Search code examples
pythonregexbeautifulsoupurlopen

How to extract URL from an HTML


I'm a newbie in web scraping. I do as below

from urllib.request import urlopen
from bs4 import BeautifulSoup
import re
html = urlopen("http://chgk.tvigra.ru/letopis/?2016/2016_spr#27mar")
soup = BeautifulSoup(html, "html.parser")
res = soup.find_all('a', {'href': re.compile("r'\b?20\b'")})
print (res)

and get

[]

My goal is this fragment

<script language="javascript" type="text/javascript">
cont = new Array();
count = new Array();
for (i=1979; i <=2015; i++){count[i]=0};
cont[1979] =    "<li><a href='?1979_1#24jan'>24 января</a>" +  

..............

cont[2016] =    "<li><a href='?2016/2016_spr#cur'>Весенняя серия</a>" +
        "<li><a href='?2016/2016_sum#cur'>Летняя серия</a>" +
        "<li><a href='?2016/2016_aut#cur'>Осенняя серия</a>" +
        "<li><a href='?2016/2016_win#cur'>Зимняя серия</a>";

And i try to get the result like this

'?2016/2016_spr#cur' 
'?2016/2016_sum#cur'
'?2016/2016_aut#cur'
'?2016/2016_win#cur'

From 2000 to this moment (so '20' in "r'\b?20\b'" is for this reason). Can you help me, please?


Solution

  • Preliminaries:

    >>> import requests
    >>> import bs4
    >>> page = requests.get('http://chgk.tvigra.ru/letopis/?2016/2016_spr#27mar').content
    >>> soup = bs4.BeautifulSoup(page, 'lxml')
    

    Having done this it might seem that the most straightforward way of identifying the script element might be to use this:

    >>> scripts = soup.findAll('script', text=bs4.re.compile('cont = new Array();'))
    

    However, scripts proves to be an empty list. (I don't know why.)

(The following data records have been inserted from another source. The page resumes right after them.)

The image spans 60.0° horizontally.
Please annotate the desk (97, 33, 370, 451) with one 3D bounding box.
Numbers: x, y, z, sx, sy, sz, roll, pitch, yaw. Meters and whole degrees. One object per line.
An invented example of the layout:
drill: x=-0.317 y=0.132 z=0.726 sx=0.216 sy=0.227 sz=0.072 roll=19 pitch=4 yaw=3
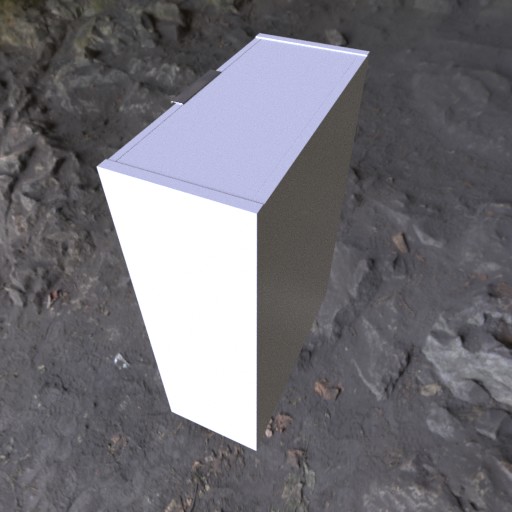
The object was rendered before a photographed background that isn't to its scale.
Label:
desk: x=0.000 y=0.000 z=1.589 sx=0.390 sy=1.190 sz=0.850 roll=18 pitch=49 yaw=17
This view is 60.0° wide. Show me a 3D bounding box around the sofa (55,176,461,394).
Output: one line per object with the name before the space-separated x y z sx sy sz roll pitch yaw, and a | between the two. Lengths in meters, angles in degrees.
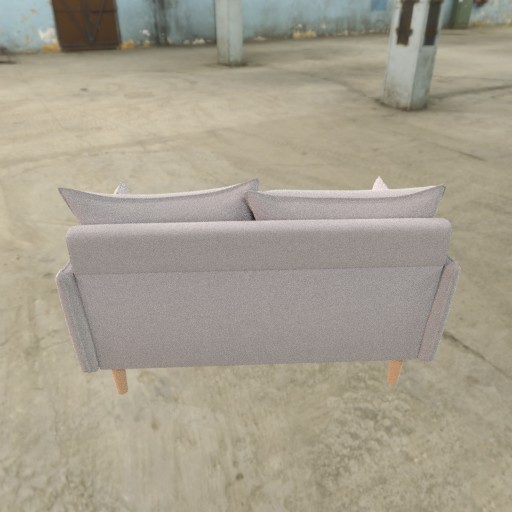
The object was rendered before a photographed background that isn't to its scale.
sofa | 0.000 0.000 1.817 1.300 0.840 0.820 -1 30 -2
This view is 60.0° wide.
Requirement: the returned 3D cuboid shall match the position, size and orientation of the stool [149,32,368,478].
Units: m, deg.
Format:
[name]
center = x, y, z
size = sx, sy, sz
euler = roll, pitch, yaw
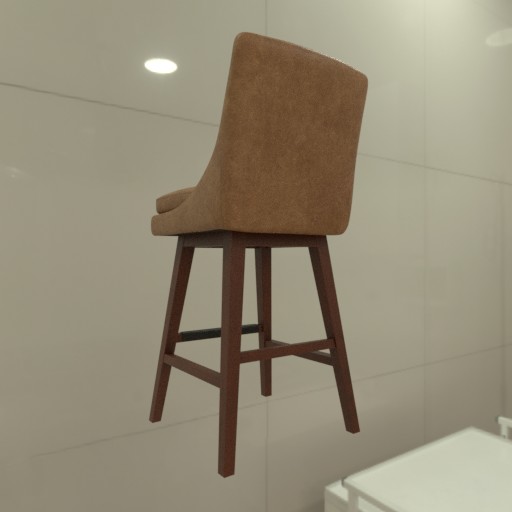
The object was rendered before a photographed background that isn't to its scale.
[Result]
[stool]
center = 0.000, 0.000, 1.383
size = 0.487, 1.079, 0.572
euler = 0, 0, -36
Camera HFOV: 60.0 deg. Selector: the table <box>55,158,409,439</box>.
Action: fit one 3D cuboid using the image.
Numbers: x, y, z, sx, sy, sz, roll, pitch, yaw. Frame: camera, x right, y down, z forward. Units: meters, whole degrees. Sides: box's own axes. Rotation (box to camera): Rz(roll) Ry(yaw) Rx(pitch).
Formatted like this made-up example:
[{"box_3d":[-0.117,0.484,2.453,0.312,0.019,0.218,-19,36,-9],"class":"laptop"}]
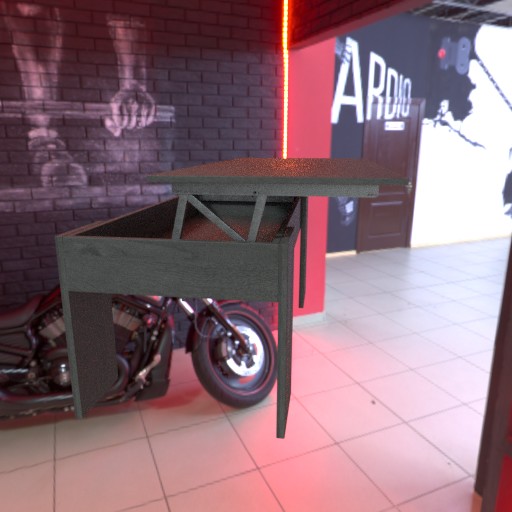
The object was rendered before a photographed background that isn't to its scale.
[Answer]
[{"box_3d":[0.000,0.000,1.397,0.711,0.570,1.000,2,15,9],"class":"table"}]
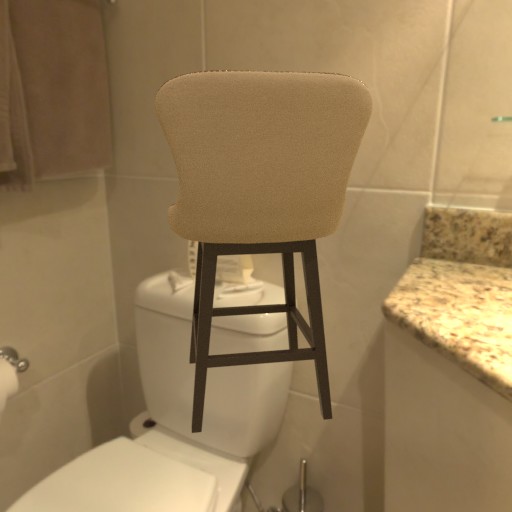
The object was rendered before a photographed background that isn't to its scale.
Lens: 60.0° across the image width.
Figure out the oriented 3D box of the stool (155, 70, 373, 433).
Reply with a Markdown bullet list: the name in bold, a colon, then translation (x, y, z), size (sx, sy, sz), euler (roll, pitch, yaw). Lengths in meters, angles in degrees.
- **stool**: translation (0.000, 0.000, 1.340), size (0.528, 0.971, 0.593), euler (-2, 15, -9)
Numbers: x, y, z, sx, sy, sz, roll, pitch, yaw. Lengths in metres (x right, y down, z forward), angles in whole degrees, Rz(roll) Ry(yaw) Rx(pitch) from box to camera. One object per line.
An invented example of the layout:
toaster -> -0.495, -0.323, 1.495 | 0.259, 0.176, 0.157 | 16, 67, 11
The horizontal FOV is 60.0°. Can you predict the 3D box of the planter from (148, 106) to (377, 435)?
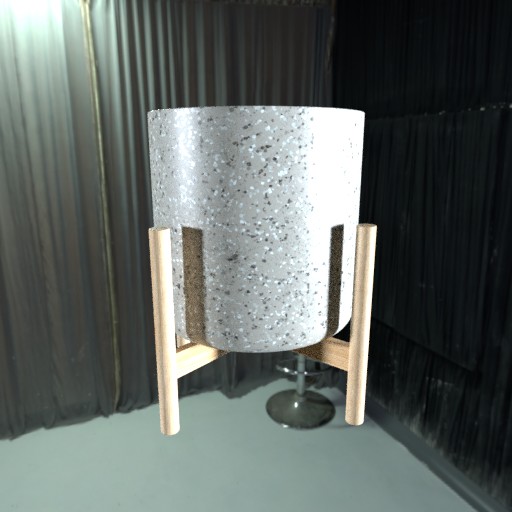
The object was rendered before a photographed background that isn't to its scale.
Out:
planter -> 0.000, 0.000, 0.687 | 0.360, 0.419, 0.360 | -7, 16, -26
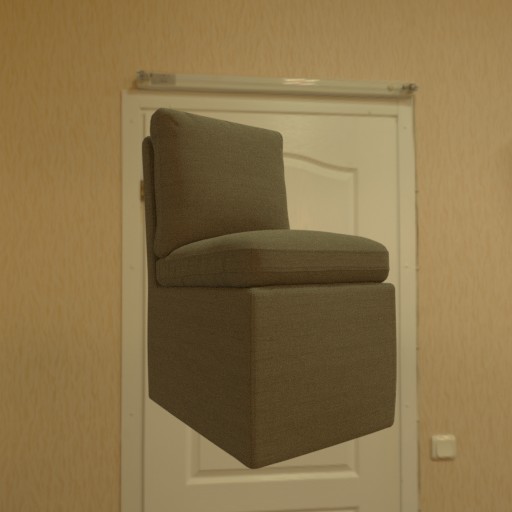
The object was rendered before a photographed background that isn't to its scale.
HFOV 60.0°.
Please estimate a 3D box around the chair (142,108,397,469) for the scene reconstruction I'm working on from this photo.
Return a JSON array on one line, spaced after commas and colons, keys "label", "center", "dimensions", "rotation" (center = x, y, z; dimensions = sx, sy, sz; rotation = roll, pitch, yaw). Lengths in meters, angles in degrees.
[{"label": "chair", "center": [0.000, 0.000, 1.341], "dimensions": [0.503, 0.927, 0.698], "rotation": [1, -1, -34]}]
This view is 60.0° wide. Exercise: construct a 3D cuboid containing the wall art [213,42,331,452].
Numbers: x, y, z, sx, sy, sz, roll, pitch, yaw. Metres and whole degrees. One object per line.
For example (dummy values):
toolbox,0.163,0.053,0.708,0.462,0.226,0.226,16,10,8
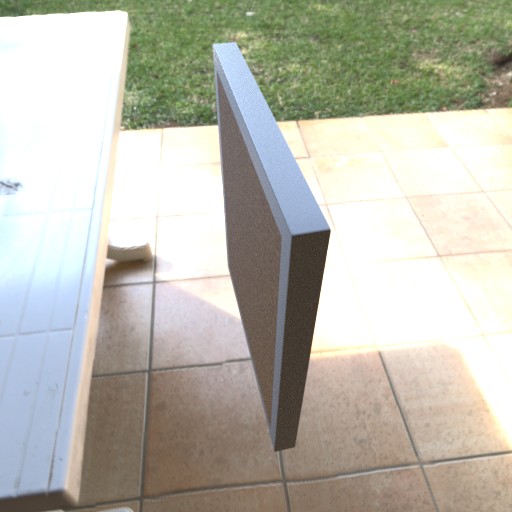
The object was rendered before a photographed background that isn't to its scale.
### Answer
wall art,0.000,0.000,0.541,0.028,0.381,0.331,-9,47,-9
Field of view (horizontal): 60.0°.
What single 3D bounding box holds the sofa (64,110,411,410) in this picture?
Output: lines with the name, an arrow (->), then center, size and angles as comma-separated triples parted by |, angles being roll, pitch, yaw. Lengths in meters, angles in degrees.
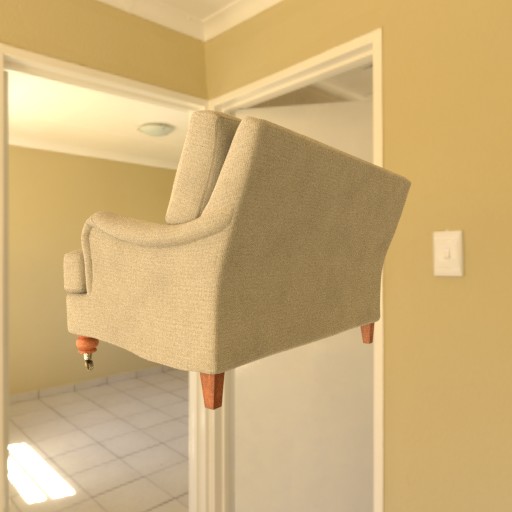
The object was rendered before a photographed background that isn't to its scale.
sofa -> 0.000, 0.000, 2.185 | 1.087, 0.999, 1.480 | 0, 1, 37
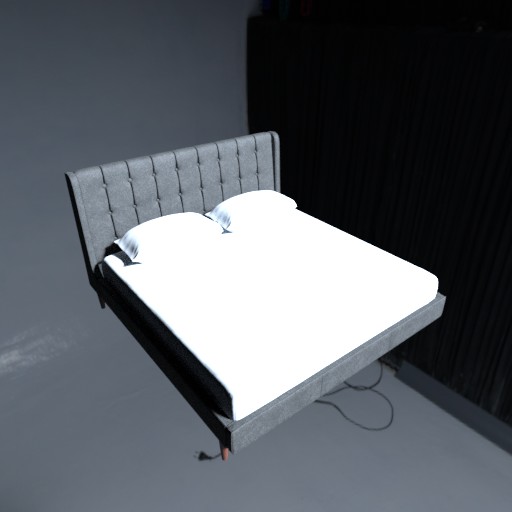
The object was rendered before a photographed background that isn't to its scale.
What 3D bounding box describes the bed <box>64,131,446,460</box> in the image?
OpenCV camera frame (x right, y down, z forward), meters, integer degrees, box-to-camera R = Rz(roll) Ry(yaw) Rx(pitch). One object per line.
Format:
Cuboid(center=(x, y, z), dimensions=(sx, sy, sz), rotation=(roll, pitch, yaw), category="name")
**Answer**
Cuboid(center=(0.000, 0.000, 2.626), dimensions=(1.531, 0.933, 1.638), rotation=(-21, 36, -32), category="bed")
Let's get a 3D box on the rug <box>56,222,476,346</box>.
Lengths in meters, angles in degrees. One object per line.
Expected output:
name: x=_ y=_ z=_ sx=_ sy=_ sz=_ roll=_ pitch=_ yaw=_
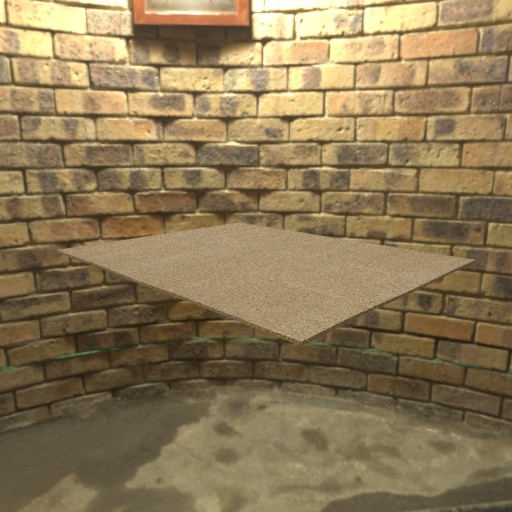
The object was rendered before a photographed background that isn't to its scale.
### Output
rug: x=0.000 y=0.000 z=4.043 sx=3.000 sy=0.025 sz=2.400 roll=13 pitch=18 yaw=43
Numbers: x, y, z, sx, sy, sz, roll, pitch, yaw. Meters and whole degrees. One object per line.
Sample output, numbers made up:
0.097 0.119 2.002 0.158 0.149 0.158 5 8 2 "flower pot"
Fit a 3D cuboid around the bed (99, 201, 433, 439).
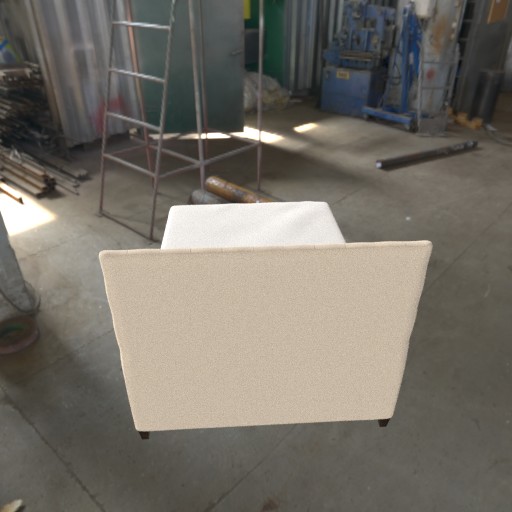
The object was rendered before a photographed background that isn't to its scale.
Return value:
0.000 0.000 3.499 1.696 1.426 2.233 -2 32 -3 "bed"
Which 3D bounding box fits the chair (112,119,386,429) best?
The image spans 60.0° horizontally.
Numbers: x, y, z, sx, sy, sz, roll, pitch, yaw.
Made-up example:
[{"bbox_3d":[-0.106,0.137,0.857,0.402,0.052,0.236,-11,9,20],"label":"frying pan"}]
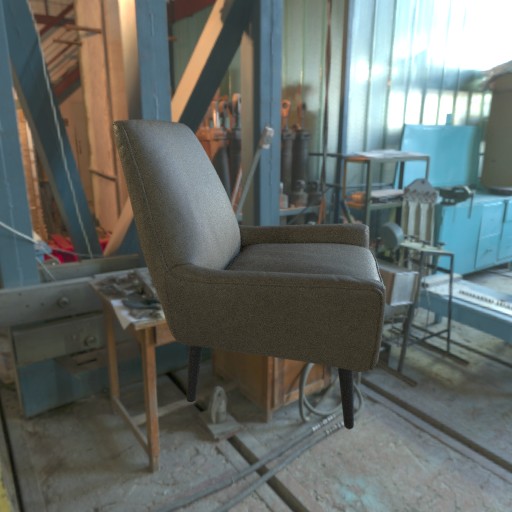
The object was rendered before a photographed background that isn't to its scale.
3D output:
[{"bbox_3d":[0.000,0.000,1.512,0.824,0.888,0.787,3,16,10],"label":"chair"}]
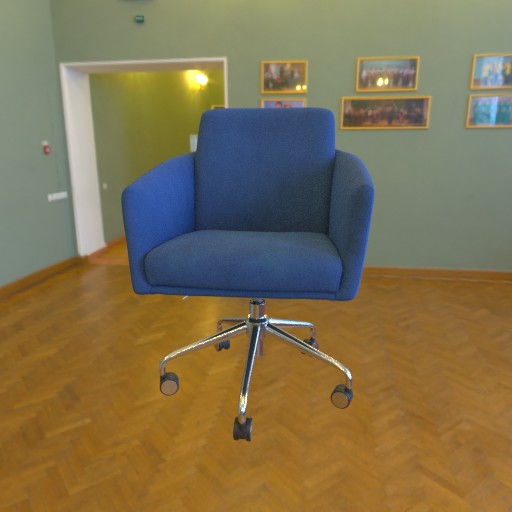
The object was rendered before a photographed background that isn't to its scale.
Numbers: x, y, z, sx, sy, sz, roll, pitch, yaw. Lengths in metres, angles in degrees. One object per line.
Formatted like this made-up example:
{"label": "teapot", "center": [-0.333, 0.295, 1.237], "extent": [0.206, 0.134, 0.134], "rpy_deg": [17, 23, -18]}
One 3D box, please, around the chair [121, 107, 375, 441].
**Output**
{"label": "chair", "center": [0.000, 0.000, 1.364], "extent": [0.641, 0.908, 0.635], "rpy_deg": [2, 14, 7]}
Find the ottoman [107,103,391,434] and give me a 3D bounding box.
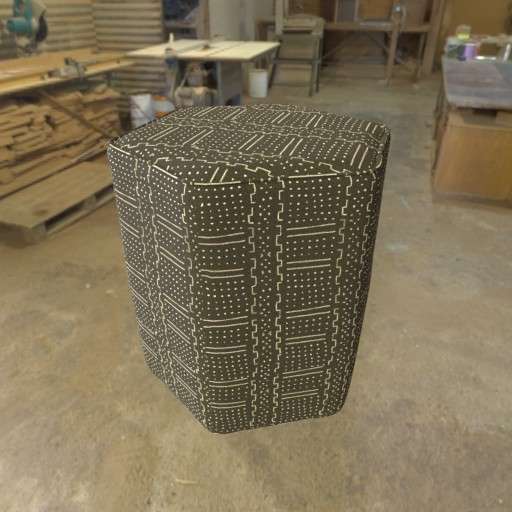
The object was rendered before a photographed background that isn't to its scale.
[{"bbox_3d":[0.000,0.000,0.873,0.443,0.502,0.494,10,32,16],"label":"ottoman"}]
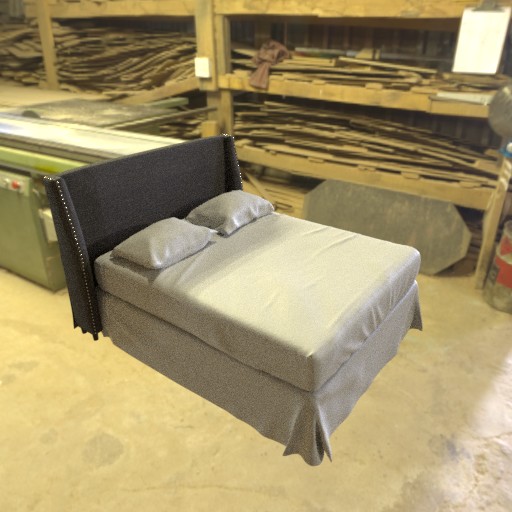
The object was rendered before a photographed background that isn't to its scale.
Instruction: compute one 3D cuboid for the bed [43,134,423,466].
[{"bbox_3d":[0.000,0.000,3.397,2.276,1.332,1.925,18,32,33],"label":"bed"}]
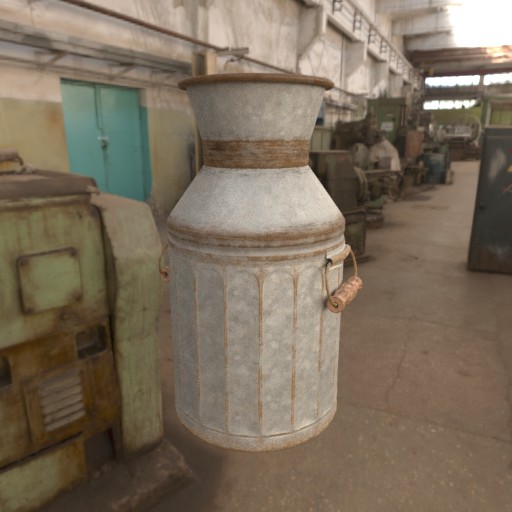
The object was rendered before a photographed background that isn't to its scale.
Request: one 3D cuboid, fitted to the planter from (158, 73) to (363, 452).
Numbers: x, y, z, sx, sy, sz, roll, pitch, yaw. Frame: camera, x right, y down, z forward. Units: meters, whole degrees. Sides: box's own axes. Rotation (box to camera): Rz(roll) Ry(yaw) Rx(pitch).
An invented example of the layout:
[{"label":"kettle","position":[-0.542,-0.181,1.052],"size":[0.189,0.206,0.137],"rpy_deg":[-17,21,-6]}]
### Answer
[{"label":"planter","position":[0.000,0.000,0.540],"size":[0.245,0.396,0.214],"rpy_deg":[8,18,26]}]
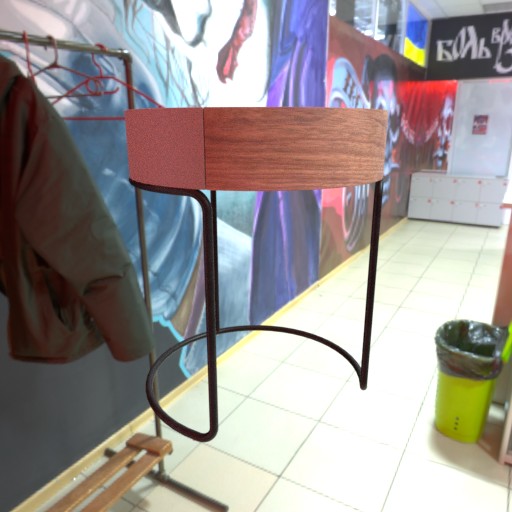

    The basic approach works, if I choose a different target within the script but it would appear the it's unsafe to depend on the exact formatting of the content of Javascript script element.

    >>> scripts = soup.find_all(string=bs4.re.compile('i=1979'))
    >>> len(scripts)
    1
    

    Still, this might be good enough for you. Please just notice that the script has the change function at the end to be discarded.

    A safer approach might be to look for the containing table element, then the second td element within that and finally the script within that.

    >>> table = soup.find_all('table', class_='common_table')
    >>> tds = table[0].findAll('td')[1]
    >>> script = tds.find('script')
    

    Again, you will need to discard function change.